Antoine GĂ©rard, the UN’s deputy humanitarian co-ordinator for Sudan, earlier gave the figure of 370 deaths, but said that it was hard to assess the scale of the disaster or the exact death toll as the area was so hard to reach.
The UN said an inter-agency assessment “will seek to provide verified figures in the coming days”.
On Thursday, an emergency team of 11 staff riding donkeys delivered medical supplies, food, water and tarpaulins to the affected communities in a journey that took over six hours, Save the Children said in a statement.
The team includes medical staff, child protection experts and a mental health team, the agency said, adding that up to 1,000 people had been affected.
Mobile health clinics and emergency medical teams have also been deployed to provide immediate care on the ground, with UN agencies and partners preparing to send more supplies to meet additional needs.
“Tarsin is one of the most isolated villages in one of the most remote parts of Sudan. Heavy rains and flash floods have made the response extremely challenging,” said Mr Lanino, the deputy country director of programmes and operations for Save the Children in Sudan.
In a statement, the SLM/A said the “catastrophic humanitarian” situation in Tarasin required urgent international intervention.
The ongoing conflict in Sudan has also severely hampered rescue efforts, according to another aid organisation, World Vision.
“With hundreds of lives lost and communities shattered, we are racing against time and immense challenges to reach the most vulnerable,” said Simon Mane, the national director for World Vision in Sudan, describing the situation as a “tragedy of unimaginable scale”.

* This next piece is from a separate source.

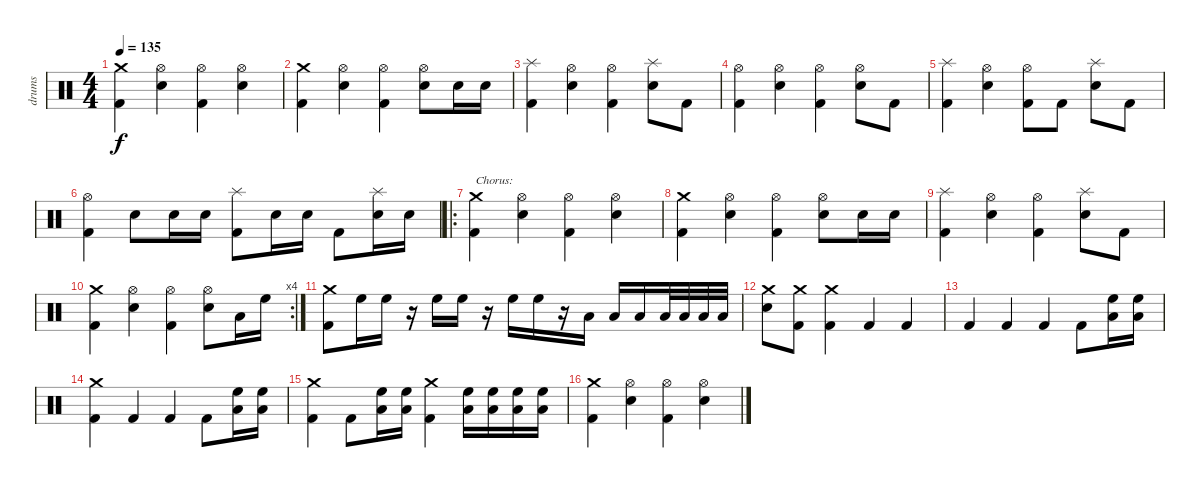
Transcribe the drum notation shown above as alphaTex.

About 150 people have been displaced from Tarsin and neighbouring villages, with families now sheltering in nearby communities, according to the International Organization for Migration (IOM).
The landslide compounds a deepening humanitarian crisis in Sudan, a nation already in the grip of a crisis where 30 million people are in need of assistance.
Heavy rains and floods have affected at least 21 areas across Sudan in recent weeks, with fears of disease outbreaks, and experts predicting an unusually wet season continuing into September.